Sleep disorders are disturbingly common. Approximately one-third of U.S. adults self-report insufficient sleep, according to the CDC. Sleep disorders often accompany heart disease, obesity, depression, Type 2 diabetes, and other chronic diseases and conditions, When a physician suspects a patient may have a sleep disorder, the standard test is polysomnography, aka a sleep study. Usually done at a sleep center or a hospital, a sleep study requires that you sleep during your normal sleeping time, so typically that means an overnight hooked up to sensors that monitor your brain waves, blood oxygen saturation, heart rate, respiration rate, and eye and leg movement. The entire process can be inconvenient at best for many patients, who would prefer to spend the night sleeping in their own bed.

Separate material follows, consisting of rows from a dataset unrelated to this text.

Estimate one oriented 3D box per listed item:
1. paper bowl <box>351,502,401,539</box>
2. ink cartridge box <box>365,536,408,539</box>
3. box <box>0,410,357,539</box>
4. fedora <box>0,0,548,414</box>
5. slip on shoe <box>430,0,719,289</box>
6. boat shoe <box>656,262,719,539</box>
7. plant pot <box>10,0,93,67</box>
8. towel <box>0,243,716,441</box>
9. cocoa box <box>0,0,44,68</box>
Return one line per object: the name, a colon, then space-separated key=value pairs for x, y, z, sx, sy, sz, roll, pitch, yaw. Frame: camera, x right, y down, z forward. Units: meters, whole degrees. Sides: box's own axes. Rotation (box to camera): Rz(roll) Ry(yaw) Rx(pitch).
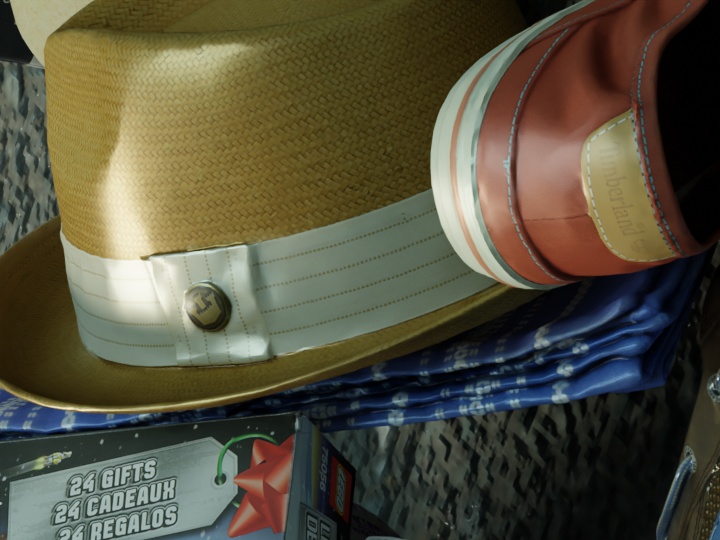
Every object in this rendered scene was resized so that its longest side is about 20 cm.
paper bowl: x=-0.071 y=0.147 z=0.840 sx=0.201 sy=0.200 sz=0.105 roll=-44 pitch=46 yaw=42
ink cartridge box: x=0.026 y=0.187 z=0.713 sx=0.146 sy=0.084 sz=0.200 roll=-88 pitch=5 yaw=-52
box: x=-0.103 y=0.111 z=0.725 sx=0.199 sy=0.040 sz=0.137 roll=-7 pitch=61 yaw=23
fedora: x=-0.017 y=-0.037 z=0.745 sx=0.200 sy=0.200 sz=0.082 roll=10 pitch=125 yaw=55
slip on shoe: x=0.097 y=-0.057 z=0.677 sx=0.061 sy=0.200 sz=0.074 roll=3 pitch=121 yaw=43
boat shoe: x=0.117 y=0.013 z=0.717 sx=0.200 sy=0.072 sz=0.072 roll=-65 pitch=32 yaw=18
plant pot: x=-0.031 y=-0.141 z=0.833 sx=0.200 sy=0.187 sz=0.188 roll=113 pitch=144 yaw=-45
towel: x=0.000 y=0.000 z=0.779 sx=0.199 sy=0.145 sz=0.024 roll=-9 pitch=115 yaw=23
cocoa box: x=-0.133 y=-0.191 z=1.051 sx=0.133 sy=0.131 sz=0.200 roll=52 pitch=125 yaw=45
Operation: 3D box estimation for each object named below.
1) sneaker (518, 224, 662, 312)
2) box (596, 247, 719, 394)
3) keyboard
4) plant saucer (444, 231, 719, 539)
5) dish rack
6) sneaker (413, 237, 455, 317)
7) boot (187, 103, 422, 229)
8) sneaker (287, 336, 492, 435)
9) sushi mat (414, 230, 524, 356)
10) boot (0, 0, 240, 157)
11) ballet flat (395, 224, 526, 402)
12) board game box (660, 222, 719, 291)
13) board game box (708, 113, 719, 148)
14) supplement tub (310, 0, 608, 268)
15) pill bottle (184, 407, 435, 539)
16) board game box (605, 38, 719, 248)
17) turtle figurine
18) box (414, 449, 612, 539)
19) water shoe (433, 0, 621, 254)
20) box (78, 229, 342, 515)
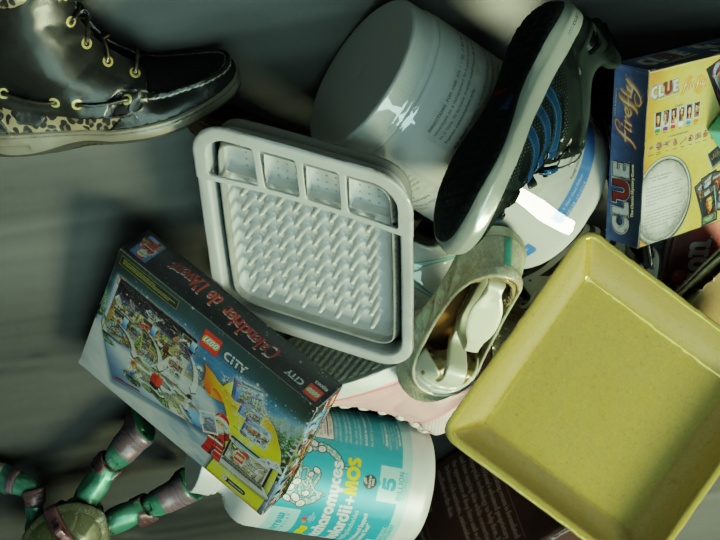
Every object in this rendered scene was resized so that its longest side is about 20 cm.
[{"bbox_3d":[0.155,0.047,1.409,0.115,0.076,0.201,24,104,-13],"label":"sneaker"},{"bbox_3d":[0.289,0.093,1.441,0.163,0.021,0.200,-44,135,-4],"label":"box"},{"bbox_3d":[0.209,-0.107,1.310,0.039,0.104,0.201,-17,122,-4],"label":"keyboard"},{"bbox_3d":[0.197,0.105,1.337,0.199,0.048,0.201,36,87,-2],"label":"plant saucer"},{"bbox_3d":[-0.033,-0.027,1.240,0.171,0.044,0.201,16,138,17],"label":"dish rack"},{"bbox_3d":[0.000,0.000,1.357,0.199,0.070,0.081,-3,106,2],"label":"sneaker"},{"bbox_3d":[-0.056,-0.061,1.285,0.199,0.074,0.076,31,111,-7],"label":"boot"},{"bbox_3d":[0.019,0.100,1.414,0.199,0.076,0.105,-12,131,4],"label":"sneaker"},{"bbox_3d":[0.092,0.035,1.430,0.199,0.012,0.096,22,116,-22],"label":"sushi mat"},{"bbox_3d":[-0.196,-0.170,1.215,0.198,0.073,0.151,-10,123,2],"label":"boot"},{"bbox_3d":[0.073,0.049,1.283,0.067,0.063,0.201,9,134,-12],"label":"ballet flat"},{"bbox_3d":[0.303,0.034,1.465,0.102,0.019,0.201,0,122,-10],"label":"board game box"},{"bbox_3d":[0.369,-0.127,1.302,0.200,0.045,0.152,-52,122,-17],"label":"board game box"},{"bbox_3d":[0.077,-0.100,1.272,0.199,0.132,0.132,31,112,-26],"label":"supplement tub"},{"bbox_3d":[-0.045,0.168,1.430,0.199,0.111,0.111,11,119,-17],"label":"pill bottle"},{"bbox_3d":[0.268,-0.106,1.287,0.199,0.035,0.136,-16,115,-39],"label":"board game box"},{"bbox_3d":[-0.243,0.215,1.435,0.199,0.101,0.150,-35,122,5],"label":"turtle figurine"},{"bbox_3d":[0.152,0.249,1.484,0.199,0.166,0.164,-33,121,11],"label":"box"},{"bbox_3d":[0.123,-0.091,1.182,0.079,0.071,0.201,31,80,-24],"label":"water shoe"},{"bbox_3d":[-0.121,0.081,1.319,0.200,0.038,0.137,38,131,12],"label":"box"}]

London, England-based Acurable’s AcuPebble SA100 is an at-home sleep testing platform that promises to improve sleep studies and make them more convenient. The AcuPebble is a non-invasive wearable device that patients can use without an overnight stay in a hospital or sleep center. Patients use it by removing an adhesive cover and attaching the small hockey-puck shape device to their neck before they go to bed for the night. During the night, the AcuPebble’s acoustic sensor detects and records the sounds from the patient’s cardiac and pulmonary systems. It sends the data to an app running on an associated smartphone. The smartphone then transfers the data to the cloud, where algorithms analyze the data to detect issues such as obstructive sleep apnea (OSA), asthma, epilepsy, chronic obstructive pulmonary disease (COPD), and pneumonia. The platform generates a detailed sleep report and transmits the report to the patient’s medical professionals.

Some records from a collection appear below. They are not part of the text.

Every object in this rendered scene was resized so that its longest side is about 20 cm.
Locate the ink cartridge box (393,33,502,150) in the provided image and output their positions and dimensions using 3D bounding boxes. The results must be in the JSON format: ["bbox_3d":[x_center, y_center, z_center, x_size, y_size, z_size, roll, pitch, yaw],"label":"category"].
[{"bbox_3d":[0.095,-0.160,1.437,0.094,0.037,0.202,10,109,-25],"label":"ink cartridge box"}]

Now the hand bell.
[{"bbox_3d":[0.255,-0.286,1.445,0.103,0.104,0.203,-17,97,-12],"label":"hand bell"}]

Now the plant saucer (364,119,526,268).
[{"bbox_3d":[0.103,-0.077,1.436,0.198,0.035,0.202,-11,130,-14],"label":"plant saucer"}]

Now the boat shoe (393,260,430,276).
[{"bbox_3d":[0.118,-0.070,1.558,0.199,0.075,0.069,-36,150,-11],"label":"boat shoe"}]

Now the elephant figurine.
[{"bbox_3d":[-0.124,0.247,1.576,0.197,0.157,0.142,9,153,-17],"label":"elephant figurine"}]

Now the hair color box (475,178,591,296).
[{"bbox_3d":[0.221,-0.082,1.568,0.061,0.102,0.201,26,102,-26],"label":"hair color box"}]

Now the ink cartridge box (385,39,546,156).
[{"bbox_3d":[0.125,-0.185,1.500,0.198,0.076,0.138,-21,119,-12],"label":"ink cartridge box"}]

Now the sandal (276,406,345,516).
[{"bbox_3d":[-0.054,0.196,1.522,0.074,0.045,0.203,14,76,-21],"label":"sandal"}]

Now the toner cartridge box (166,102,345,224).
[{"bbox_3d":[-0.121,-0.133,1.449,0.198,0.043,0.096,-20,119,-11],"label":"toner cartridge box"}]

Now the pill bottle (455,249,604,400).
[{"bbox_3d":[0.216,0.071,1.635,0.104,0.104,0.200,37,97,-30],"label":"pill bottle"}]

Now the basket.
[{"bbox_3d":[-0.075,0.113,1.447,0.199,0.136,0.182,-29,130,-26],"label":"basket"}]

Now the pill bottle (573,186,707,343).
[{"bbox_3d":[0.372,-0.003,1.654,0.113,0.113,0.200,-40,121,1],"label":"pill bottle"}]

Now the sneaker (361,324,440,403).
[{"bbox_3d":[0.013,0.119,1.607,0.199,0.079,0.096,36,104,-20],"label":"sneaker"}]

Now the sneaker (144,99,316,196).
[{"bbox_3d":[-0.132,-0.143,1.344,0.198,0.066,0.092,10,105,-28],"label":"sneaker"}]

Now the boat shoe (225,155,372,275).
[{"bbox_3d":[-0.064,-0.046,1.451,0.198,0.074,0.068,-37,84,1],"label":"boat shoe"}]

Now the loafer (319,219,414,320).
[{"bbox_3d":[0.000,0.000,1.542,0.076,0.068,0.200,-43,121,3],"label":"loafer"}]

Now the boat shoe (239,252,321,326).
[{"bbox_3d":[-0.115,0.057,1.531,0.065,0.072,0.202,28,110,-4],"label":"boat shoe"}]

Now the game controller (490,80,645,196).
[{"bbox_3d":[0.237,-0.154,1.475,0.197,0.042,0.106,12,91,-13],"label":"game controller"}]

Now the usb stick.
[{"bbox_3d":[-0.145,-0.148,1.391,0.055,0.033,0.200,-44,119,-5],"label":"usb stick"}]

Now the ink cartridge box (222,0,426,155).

Acurable has both a CE mark to allow sales in Europe and FDA 150(k) clearance in the U.S., according to the company. Acurable reports two clinical tests for the AcuPebble SA100 in which the wearable device was more than 90% accurate compared with polysomnography software and at-home multi-channel polygraphy. After an initial release in the UK and Spain in 2021, Acurable recently obtained funding to expand its marketing to Europe and North America. We look forward to reading peer-reviewed studies with further measures of the platform’s accuracy.